Moreover, proper time is reference-frame invariant.

 

[Steve4Physics]

M

Each frame has its coordinate time, but proper time is the time as measured by a single clock along its worldline. Proper time belongs to a worldline not a frame of reference.

Moreover, proper time is reference-frame invariant.

Many thanks for clarifying/correcting that. I'm not familiar with 'coordinate time'. I'll have to do some reading!

 

[PeroK]

MMany thanks for clarifying/correcting that. I'm not familiar with 'coordinate time'. I'll have to do some reading!

Coordinate time is the time associated with a reference frame and which features in the Lorentz Transformation: $t$ might be the coordinate time of a reference frame and $t'$ the coordinate time of another frame. "Coordinate" is used to distinguish it from "proper" time, which is often denoted by $\tau$.

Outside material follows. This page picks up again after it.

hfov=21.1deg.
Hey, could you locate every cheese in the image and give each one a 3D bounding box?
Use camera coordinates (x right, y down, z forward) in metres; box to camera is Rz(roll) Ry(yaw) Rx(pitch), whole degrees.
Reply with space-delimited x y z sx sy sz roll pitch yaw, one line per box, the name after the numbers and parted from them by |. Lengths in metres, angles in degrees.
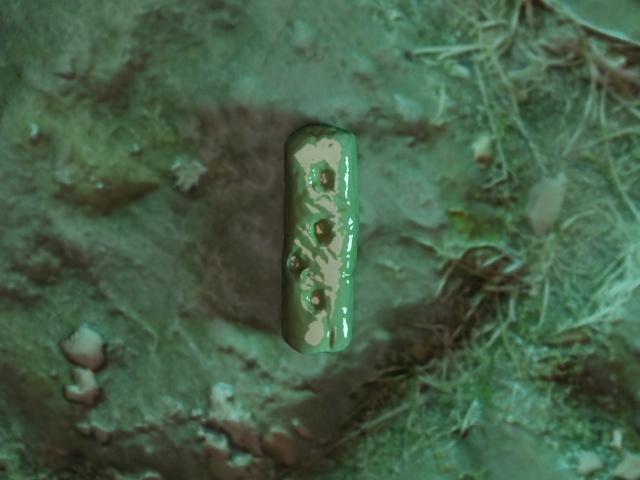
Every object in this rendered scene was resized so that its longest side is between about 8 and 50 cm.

Note that you can assign the proper time to a particle on any trajectory - in this case it happened to be a watch that was traveling inertially - but you can equally define the proper time as that measured by a hypothetical clock moving along with a particle. Effectively proper time is a measure of the length of a timelike spacetime interval.

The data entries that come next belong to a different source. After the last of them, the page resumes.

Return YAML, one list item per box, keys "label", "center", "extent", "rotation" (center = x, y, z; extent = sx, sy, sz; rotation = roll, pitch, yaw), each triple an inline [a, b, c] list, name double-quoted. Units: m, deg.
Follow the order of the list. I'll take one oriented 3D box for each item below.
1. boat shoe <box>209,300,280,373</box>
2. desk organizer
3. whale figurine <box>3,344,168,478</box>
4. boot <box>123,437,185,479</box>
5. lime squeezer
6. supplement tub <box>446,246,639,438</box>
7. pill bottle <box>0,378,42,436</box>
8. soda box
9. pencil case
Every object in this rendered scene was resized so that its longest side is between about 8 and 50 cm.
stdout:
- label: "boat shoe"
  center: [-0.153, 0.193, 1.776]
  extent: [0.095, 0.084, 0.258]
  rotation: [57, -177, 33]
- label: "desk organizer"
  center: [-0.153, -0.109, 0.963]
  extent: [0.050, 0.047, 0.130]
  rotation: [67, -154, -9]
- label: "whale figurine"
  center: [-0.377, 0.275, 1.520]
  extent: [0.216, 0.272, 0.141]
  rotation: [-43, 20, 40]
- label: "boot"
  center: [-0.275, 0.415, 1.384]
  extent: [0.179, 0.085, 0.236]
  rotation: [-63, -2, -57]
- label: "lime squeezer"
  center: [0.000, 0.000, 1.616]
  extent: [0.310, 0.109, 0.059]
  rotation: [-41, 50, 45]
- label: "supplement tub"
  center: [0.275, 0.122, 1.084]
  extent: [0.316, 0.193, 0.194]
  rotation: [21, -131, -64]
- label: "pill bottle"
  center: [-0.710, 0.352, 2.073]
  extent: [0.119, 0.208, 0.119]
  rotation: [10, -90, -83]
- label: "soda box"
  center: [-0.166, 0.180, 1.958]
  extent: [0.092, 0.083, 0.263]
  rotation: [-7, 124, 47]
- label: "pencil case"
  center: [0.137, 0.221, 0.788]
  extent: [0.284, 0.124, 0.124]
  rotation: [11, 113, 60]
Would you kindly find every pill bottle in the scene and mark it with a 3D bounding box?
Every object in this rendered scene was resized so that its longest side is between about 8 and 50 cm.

Four vectors associated with a particle (such as velocity and energy-momentum) are calculated by differentiating with respect to the proper time of the particle and not wrt any (inertial) coordinate time.

 

[Steve4Physics]

Coordinate time is the time associated with a reference frame and which features in the Lorentz Transformation: $t$ might be the coordinate time of a reference frame and $t'$ the coordinate time of another frame. "Coordinate" is used to distinguish it from "proper" time, which is often denoted by $\tau$.

Note that you can assign the proper time to a particle on any trajectory - in this case it happened to be a watch that was traveling inertially - but you can equally define the proper time as that measured by a hypothetical clock moving along with a particle. Effectively proper time is a measure of the length of a timelike spacetime interval.

Four vectors associated with a particle (such as velocity and energy-momentum) are calculated by differentiating with respect to the proper time of the particle and not wrt any (inertial) coordinate time.

Good. Thanks for coordinating your time to properly explain (some sort of pun intended)!